This large collectable group had no trouble eclipsing its modest £500-600 estimate selling at £4900, while continuing demand from wealthy farmers for unusual Beswick farm animals saw an Eaton Wild Eyes 91st dairy shorthorn with a calf fetch £1350.
The biggest surprise for the auctioneers was the reaction to a French Empire glass vase, engraved to one side with Napoleon standing at a fireplace with a lady kneeling before him and to the other with mounted officers removing a dead soldier from a battlefield.
Although it was lacking its handles and had been broken at the base, its quality and subject matter attracted several buyers who pursued it to £3000.

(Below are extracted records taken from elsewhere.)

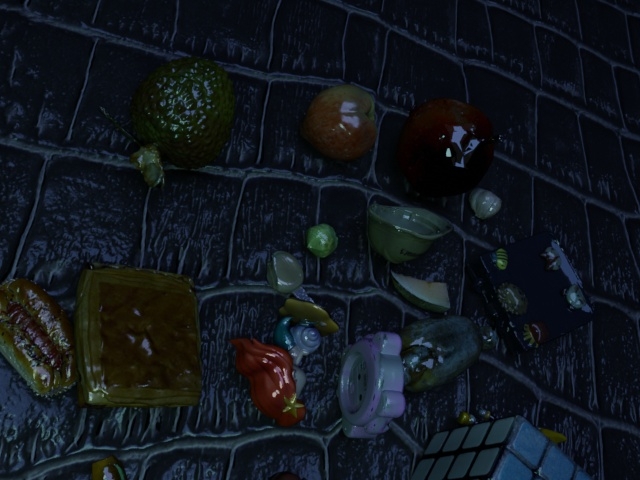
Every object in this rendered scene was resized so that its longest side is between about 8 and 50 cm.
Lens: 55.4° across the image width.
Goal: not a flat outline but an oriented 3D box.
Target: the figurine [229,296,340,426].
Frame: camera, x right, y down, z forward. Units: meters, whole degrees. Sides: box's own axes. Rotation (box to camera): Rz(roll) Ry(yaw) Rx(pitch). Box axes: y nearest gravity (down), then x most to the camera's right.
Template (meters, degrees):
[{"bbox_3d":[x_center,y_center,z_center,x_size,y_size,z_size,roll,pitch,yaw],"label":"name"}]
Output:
[{"bbox_3d":[-0.090,0.272,1.399,0.208,0.181,0.257,57,48,-39],"label":"figurine"}]

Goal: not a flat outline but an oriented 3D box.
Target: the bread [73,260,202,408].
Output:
[{"bbox_3d":[-0.394,0.213,1.276,0.277,0.167,0.325,14,46,-39],"label":"bread"}]

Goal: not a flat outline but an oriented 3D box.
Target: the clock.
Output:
[{"bbox_3d":[0.117,0.329,1.405,0.090,0.248,0.228,8,62,-18],"label":"clock"}]

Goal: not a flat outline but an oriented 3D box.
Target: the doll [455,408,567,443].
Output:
[{"bbox_3d":[0.489,0.524,1.563,0.316,0.103,0.146,23,62,-6],"label":"doll"}]

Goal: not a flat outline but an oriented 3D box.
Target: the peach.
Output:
[{"bbox_3d":[0.049,-0.336,1.758,0.232,0.232,0.233,10,62,-19],"label":"peach"}]

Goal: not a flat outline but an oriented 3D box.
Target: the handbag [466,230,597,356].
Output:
[{"bbox_3d":[0.618,0.149,1.797,0.329,0.122,0.303,-16,73,-28],"label":"handbag"}]

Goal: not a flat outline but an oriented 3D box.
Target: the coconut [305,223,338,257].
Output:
[{"bbox_3d":[0.000,0.000,1.617,0.096,0.088,0.088,-31,81,-38],"label":"coconut"}]

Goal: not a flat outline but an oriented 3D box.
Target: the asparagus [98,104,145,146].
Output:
[{"bbox_3d":[-0.513,-0.290,1.574,0.163,0.016,0.016,42,82,0],"label":"asparagus"}]

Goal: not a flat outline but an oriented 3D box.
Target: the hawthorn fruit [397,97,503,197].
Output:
[{"bbox_3d":[0.363,-0.268,1.798,0.316,0.316,0.316,10,62,-19],"label":"hawthorn fruit"}]

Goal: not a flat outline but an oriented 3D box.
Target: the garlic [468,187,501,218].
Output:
[{"bbox_3d":[0.511,-0.122,1.910,0.094,0.074,0.113,-42,44,-13],"label":"garlic"}]

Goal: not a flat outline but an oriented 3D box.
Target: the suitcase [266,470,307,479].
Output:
[{"bbox_3d":[-0.056,0.643,1.221,0.297,0.161,0.236,49,56,4],"label":"suitcase"}]

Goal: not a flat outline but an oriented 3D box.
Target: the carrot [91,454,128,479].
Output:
[{"bbox_3d":[-0.379,0.549,1.186,0.070,0.070,0.260,-20,77,-30],"label":"carrot"}]

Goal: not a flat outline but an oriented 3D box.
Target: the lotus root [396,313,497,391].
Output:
[{"bbox_3d":[0.303,0.281,1.570,0.349,0.175,0.175,-11,70,-32],"label":"lotus root"}]

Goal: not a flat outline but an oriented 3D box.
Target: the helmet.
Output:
[{"bbox_3d":[0.228,-0.006,1.691,0.257,0.137,0.204,3,25,-31],"label":"helmet"}]

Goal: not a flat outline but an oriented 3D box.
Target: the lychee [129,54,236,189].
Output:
[{"bbox_3d":[-0.342,-0.302,1.509,0.320,0.270,0.270,-37,82,5],"label":"lychee"}]

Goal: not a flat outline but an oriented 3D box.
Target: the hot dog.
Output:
[{"bbox_3d":[-0.587,0.197,1.261,0.144,0.075,0.268,-33,80,-33],"label":"hot dog"}]

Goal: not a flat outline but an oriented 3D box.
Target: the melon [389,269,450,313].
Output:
[{"bbox_3d":[0.271,0.139,1.687,0.182,0.054,0.098,14,55,-18],"label":"melon"}]

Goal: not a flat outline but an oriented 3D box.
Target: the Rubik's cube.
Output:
[{"bbox_3d":[0.387,0.630,1.317,0.344,0.344,0.337,40,57,-1],"label":"Rubik's cube"}]

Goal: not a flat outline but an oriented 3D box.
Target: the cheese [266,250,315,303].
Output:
[{"bbox_3d":[-0.079,0.107,1.548,0.092,0.047,0.171,-12,71,-28],"label":"cheese"}]

Also finding a ready home was a mahogany-cased bracket clock by the London maker James Forsyth. Standing 17 3/4in (45cm) high, this elegant, bell-topped timepiece was contested to £4500.

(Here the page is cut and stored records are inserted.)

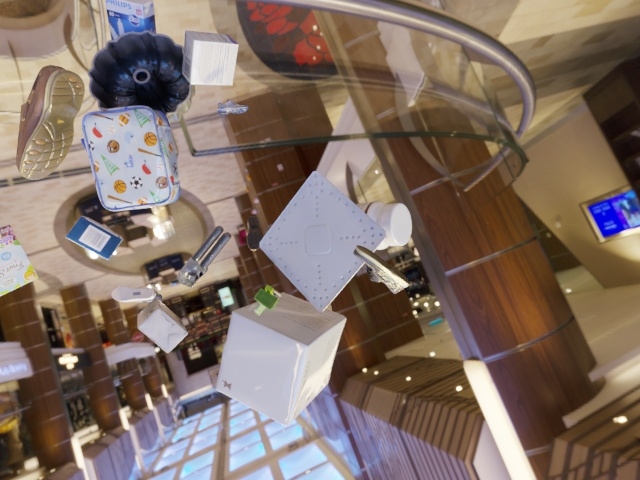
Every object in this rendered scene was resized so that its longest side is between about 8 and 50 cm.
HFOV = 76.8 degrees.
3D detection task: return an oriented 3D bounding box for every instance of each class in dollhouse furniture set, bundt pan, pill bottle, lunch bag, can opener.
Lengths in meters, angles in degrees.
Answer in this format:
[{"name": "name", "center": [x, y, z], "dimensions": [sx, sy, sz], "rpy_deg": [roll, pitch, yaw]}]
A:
[{"name": "dollhouse furniture set", "center": [-0.146, 0.179, 1.144], "dimensions": [0.076, 0.058, 0.152], "rpy_deg": [-55, 170, -21]}, {"name": "bundt pan", "center": [-0.565, -0.506, 1.325], "dimensions": [0.330, 0.331, 0.124], "rpy_deg": [-20, 171, -7]}, {"name": "pill bottle", "center": [0.208, -0.066, 1.887], "dimensions": [0.392, 0.224, 0.224], "rpy_deg": [-2, -174, 41]}, {"name": "lunch bag", "center": [-0.554, -0.242, 1.181], "dimensions": [0.243, 0.303, 0.115], "rpy_deg": [-7, -170, 2]}, {"name": "can opener", "center": [-0.437, 0.061, 1.530], "dimensions": [0.283, 0.076, 0.095], "rpy_deg": [-49, -176, 13]}]

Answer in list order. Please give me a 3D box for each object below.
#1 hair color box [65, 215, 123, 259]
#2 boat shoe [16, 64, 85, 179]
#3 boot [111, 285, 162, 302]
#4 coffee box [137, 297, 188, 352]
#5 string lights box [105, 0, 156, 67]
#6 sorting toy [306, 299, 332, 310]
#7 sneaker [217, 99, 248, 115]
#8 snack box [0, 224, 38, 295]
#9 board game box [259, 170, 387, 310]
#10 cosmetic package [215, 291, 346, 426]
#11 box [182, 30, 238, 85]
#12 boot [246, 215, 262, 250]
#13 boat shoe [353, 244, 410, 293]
[{"name": "hair color box", "center": [-0.937, -0.015, 1.690], "dimensions": [0.105, 0.174, 0.347], "rpy_deg": [-60, -155, -13]}, {"name": "boat shoe", "center": [-0.423, -0.181, 0.620], "dimensions": [0.178, 0.060, 0.064], "rpy_deg": [-64, 163, 9]}, {"name": "boot", "center": [-0.771, 0.236, 1.697], "dimensions": [0.190, 0.069, 0.086], "rpy_deg": [2, 155, 7]}, {"name": "coffee box", "center": [-0.585, 0.306, 1.485], "dimensions": [0.098, 0.141, 0.246], "rpy_deg": [-46, -163, -17]}, {"name": "string lights box", "center": [-0.640, -0.692, 1.388], "dimensions": [0.133, 0.077, 0.260], "rpy_deg": [16, 133, 2]}, {"name": "sorting toy", "center": [-0.029, 0.397, 1.999], "dimensions": [0.089, 0.257, 0.255], "rpy_deg": [8, 148, 15]}, {"name": "sneaker", "center": [-0.383, -0.583, 1.748], "dimensions": [0.135, 0.058, 0.052], "rpy_deg": [-7, 179, -5]}, {"name": "snack box", "center": [-1.078, 0.074, 1.331], "dimensions": [0.070, 0.207, 0.174], "rpy_deg": [3, -152, 33]}, {"name": "board game box", "center": [0.000, 0.000, 1.544], "dimensions": [0.390, 0.390, 0.050], "rpy_deg": [-51, 157, 14]}, {"name": "cosmetic package", "center": [-0.143, 0.438, 1.599], "dimensions": [0.327, 0.329, 0.393], "rpy_deg": [18, -168, 21]}, {"name": "box", "center": [-0.324, -0.532, 1.184], "dimensions": [0.137, 0.072, 0.126], "rpy_deg": [-14, 140, -36]}, {"name": "boot", "center": [-0.346, -0.007, 2.079], "dimensions": [0.076, 0.198, 0.137], "rpy_deg": [6, 144, -13]}, {"name": "boat shoe", "center": [0.183, 0.099, 1.267], "dimensions": [0.073, 0.223, 0.080], "rpy_deg": [-51, -158, 13]}]
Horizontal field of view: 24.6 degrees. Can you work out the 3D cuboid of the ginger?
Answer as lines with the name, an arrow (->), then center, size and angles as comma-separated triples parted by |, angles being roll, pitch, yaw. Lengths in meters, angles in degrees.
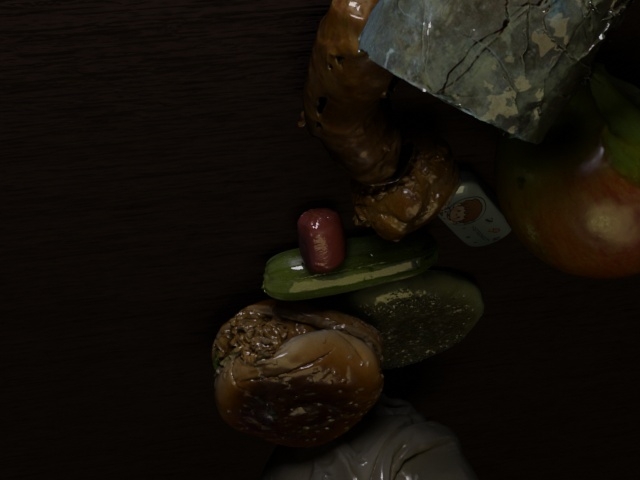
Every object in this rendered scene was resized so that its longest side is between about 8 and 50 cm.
ginger -> 0.046, -0.171, 1.529 | 0.133, 0.107, 0.309 | 2, 145, -2

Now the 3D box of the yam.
yam -> 0.188, -0.234, 1.347 | 0.202, 0.201, 0.271 | 12, 110, -46

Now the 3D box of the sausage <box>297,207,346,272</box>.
sausage -> 0.000, 0.000, 1.838 | 0.054, 0.059, 0.094 | -34, 138, -25

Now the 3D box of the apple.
apple -> 0.316, -0.085, 1.664 | 0.246, 0.246, 0.226 | -27, 132, 21

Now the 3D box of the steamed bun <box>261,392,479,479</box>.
steamed bun -> 0.079, 0.333, 2.271 | 0.310, 0.219, 0.324 | 9, 167, -32

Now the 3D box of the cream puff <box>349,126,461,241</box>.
cream puff -> 0.093, -0.071, 1.711 | 0.103, 0.126, 0.144 | 40, 136, -20

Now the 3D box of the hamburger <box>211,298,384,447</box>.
hamburger -> -0.031, 0.181, 2.034 | 0.243, 0.146, 0.286 | -12, 142, 8

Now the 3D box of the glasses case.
glasses case -> 0.192, -0.039, 1.882 | 0.067, 0.045, 0.178 | -25, 149, 16

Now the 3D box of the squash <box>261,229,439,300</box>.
squash -> 0.038, 0.032, 1.913 | 0.239, 0.069, 0.069 | -11, 151, -7

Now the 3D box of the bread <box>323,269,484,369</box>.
bread -> 0.115, 0.122, 2.132 | 0.267, 0.040, 0.267 | -11, 151, -6

Elsewhere, the quality of a couple of the modern diamond jewellery entries would not have looked out of place in a Geneva sale, with an 18ct white gold single stone 9.38ct tinted yellow diamond ring exceeding pre-sale expectations at £23,500.
Danish Dutch children are Cheshire stars
Peter Wilson, Nantwich November 17-18 Buyer’s premium: 15 per cent ALTHOUGH bidding was selective at this Cheshire sale, with only around 65 per cent of the 780 lots finding buyers, there was healthy competition for collectable ceramics such as a Royal Copenhagen set of ten colourful figures of children dressed in traditional Dutch costume by Carl Martin Hansen (1877-1941).